▸ DATA LISTING:
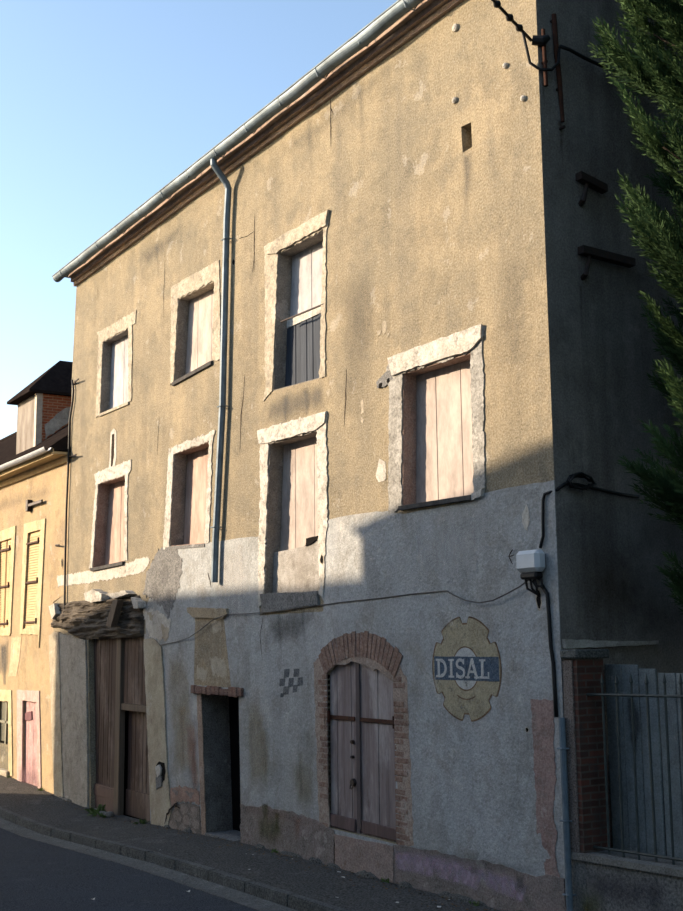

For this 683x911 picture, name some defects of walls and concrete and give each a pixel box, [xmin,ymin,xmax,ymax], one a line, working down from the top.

flaking render [57,545,183,643]
peeling [525,699,560,878]
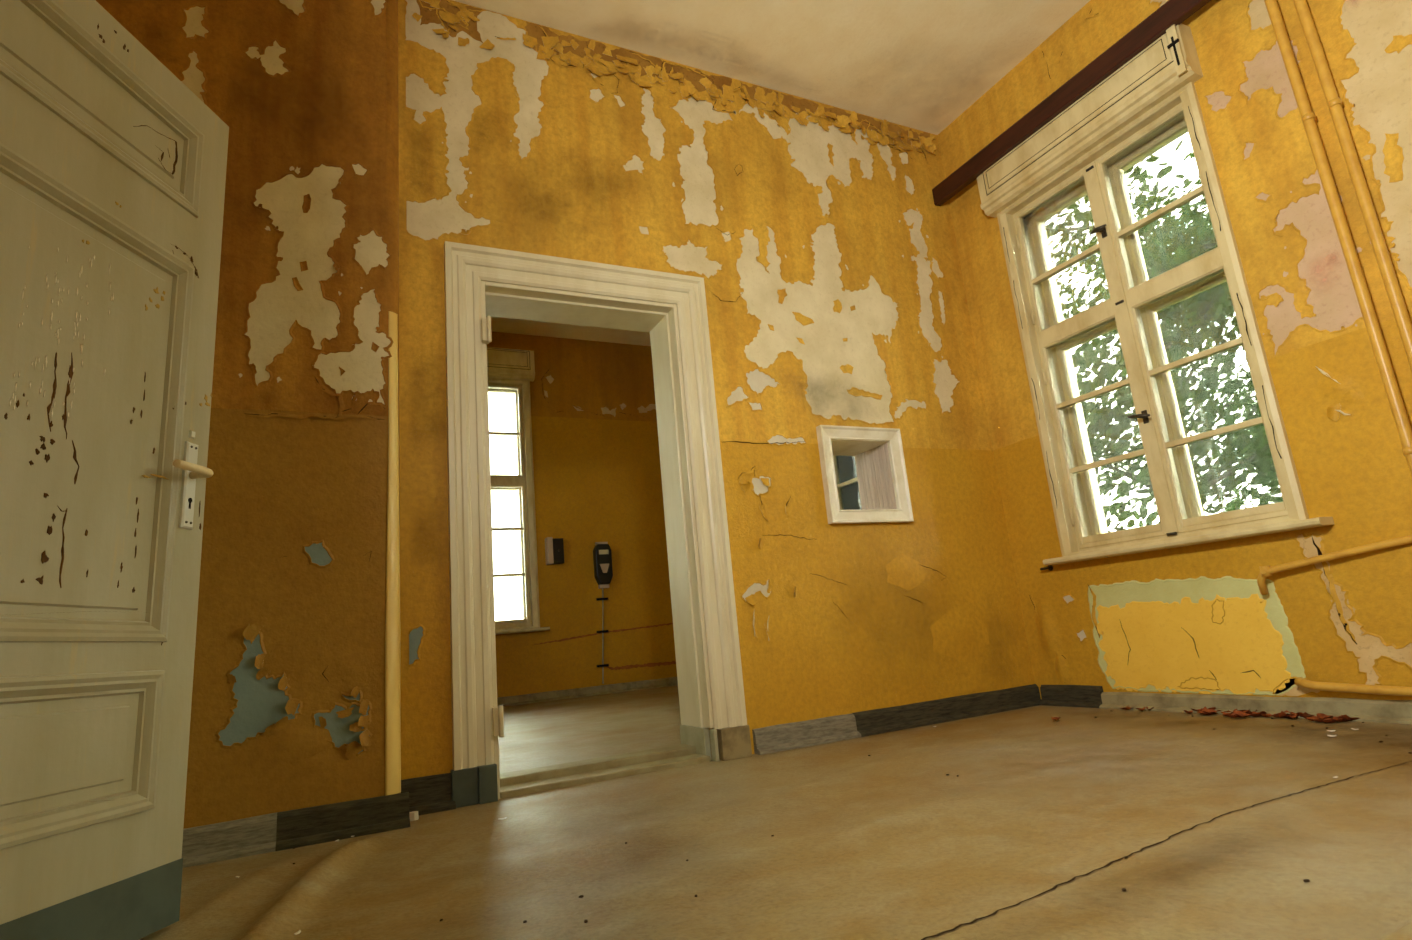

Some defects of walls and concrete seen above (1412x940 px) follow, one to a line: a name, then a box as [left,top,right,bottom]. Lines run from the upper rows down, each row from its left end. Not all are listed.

peeling [179,4,212,105]
peeling [243,39,292,78]
peeling [277,0,307,18]
peeling [368,0,388,17]
peeling [1204,0,1305,120]
peeling [405,0,961,426]
peeling [1253,0,1412,358]
peeling [238,162,393,406]
peeling [215,624,373,760]
flaking render [1273,677,1323,696]
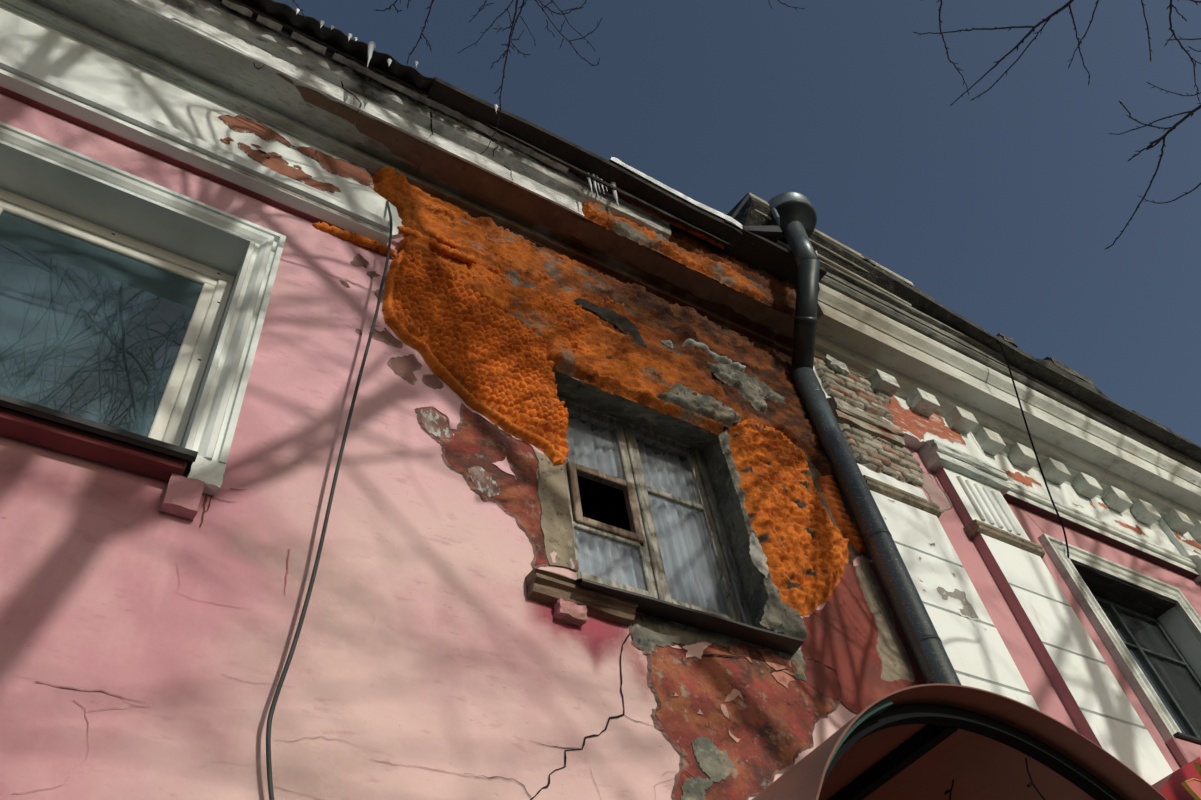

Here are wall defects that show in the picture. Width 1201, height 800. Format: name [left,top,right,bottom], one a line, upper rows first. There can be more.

peeling [218,115,375,193]
peeling [275,73,794,338]
flaking render [355,326,444,389]
peeling [414,403,579,572]
spalling [573,298,647,348]
flaking render [661,339,786,413]
flaking render [813,357,967,513]
peeling [629,383,927,800]
peeling [918,570,981,620]
crack [273,634,655,800]
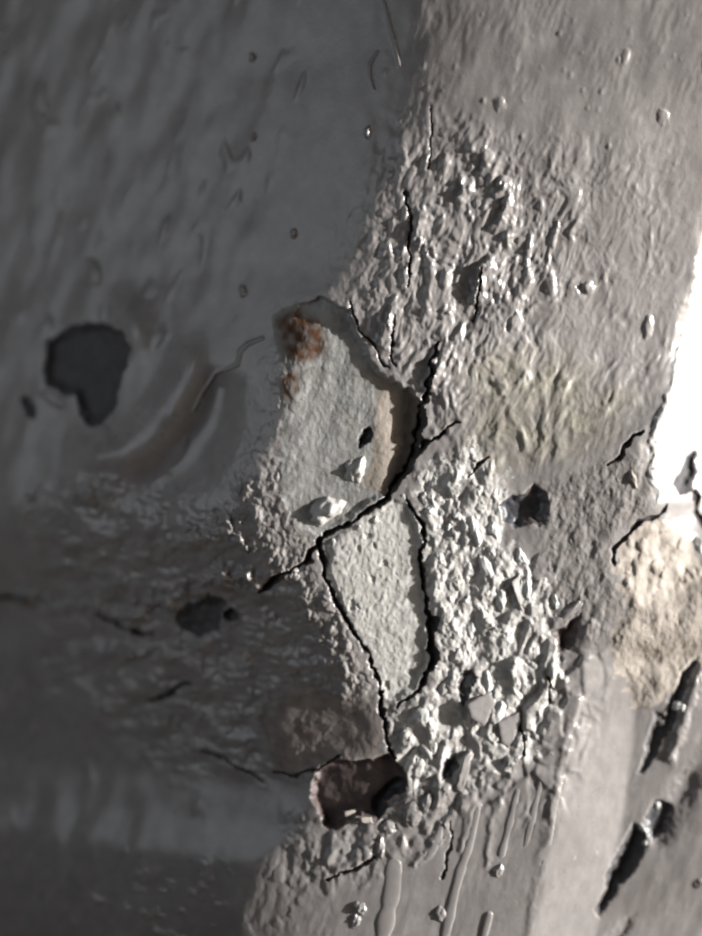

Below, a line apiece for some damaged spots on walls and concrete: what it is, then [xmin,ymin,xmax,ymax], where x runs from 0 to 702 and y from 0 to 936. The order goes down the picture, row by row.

corrosion [271,302,336,410]
crack [350,301,397,369]
crack [606,431,645,466]
crack [259,341,461,760]
spalling [229,246,702,894]
crack [611,504,668,567]
crack [692,489,702,528]
crack [201,750,341,783]
spalling [594,799,675,916]
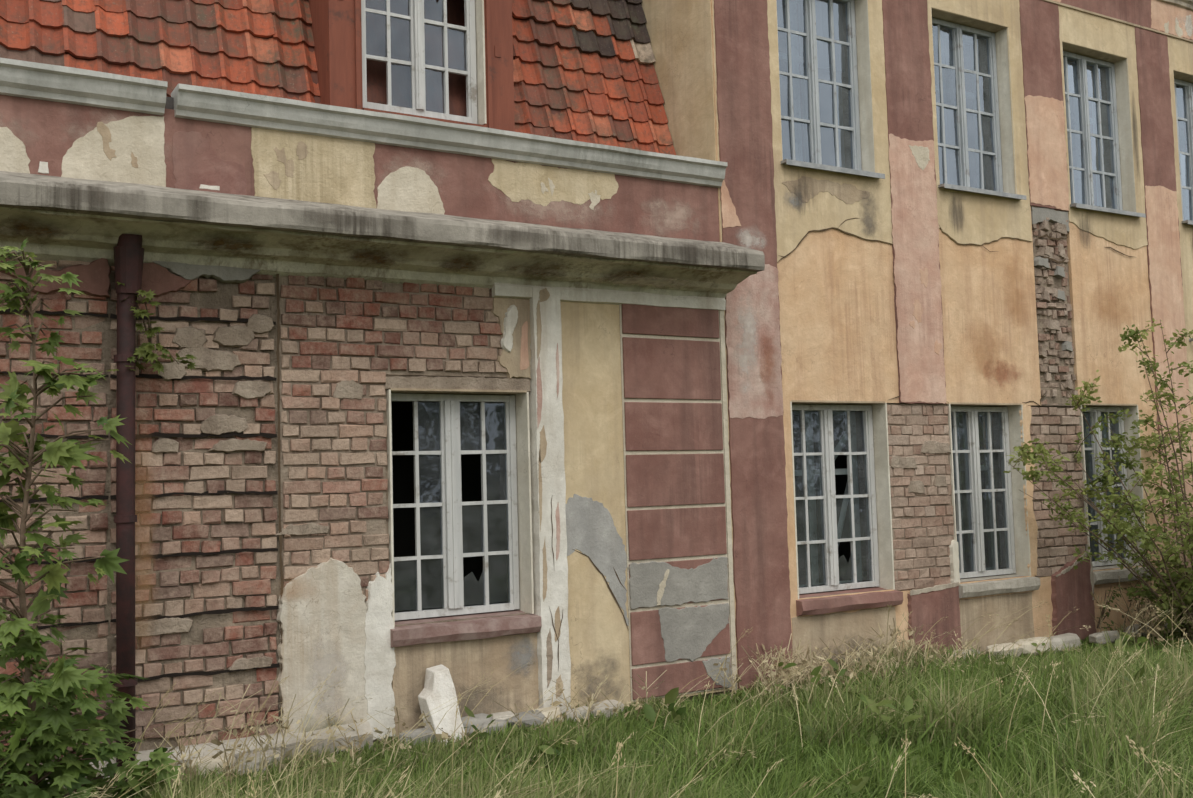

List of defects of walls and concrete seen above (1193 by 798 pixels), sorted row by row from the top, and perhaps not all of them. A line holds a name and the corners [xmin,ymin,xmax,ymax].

flaking render [0,116,445,214]
flaking render [488,158,619,210]
crack [778,218,891,262]
crack [939,225,1028,252]
flaking render [135,274,563,747]
flaking render [629,557,732,688]
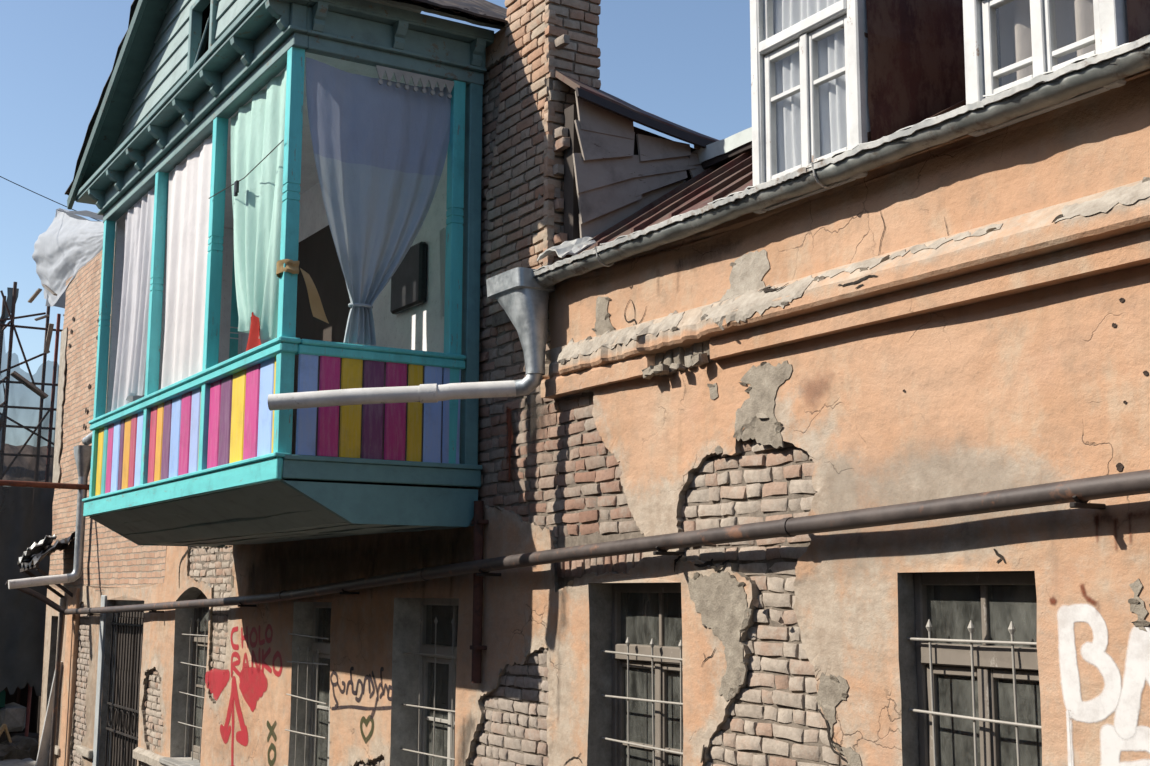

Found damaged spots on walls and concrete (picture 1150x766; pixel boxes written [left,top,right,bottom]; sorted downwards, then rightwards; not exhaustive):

▸ TASK BRIEF: The line that contains "List of defects" opens the part to copy, and the last line of the records closes it; set down those lines exactly, pictures excluded.

▸ PROBLEM SOLUTION:
List of defects of walls and concrete seen above (1193 by 798 pixels), sorted row by row from the top, and perhaps not all of them. A line holds a name and the corners [xmin,ymin,xmax,ymax].

flaking render [0,116,445,214]
flaking render [488,158,619,210]
crack [778,218,891,262]
crack [939,225,1028,252]
flaking render [135,274,563,747]
flaking render [629,557,732,688]

Found damaged spots on walls and concrete (picture 1150x766; pixel boxes written [left,top,right,bottom]; sorted downwards, then rightwards; not exhaustive):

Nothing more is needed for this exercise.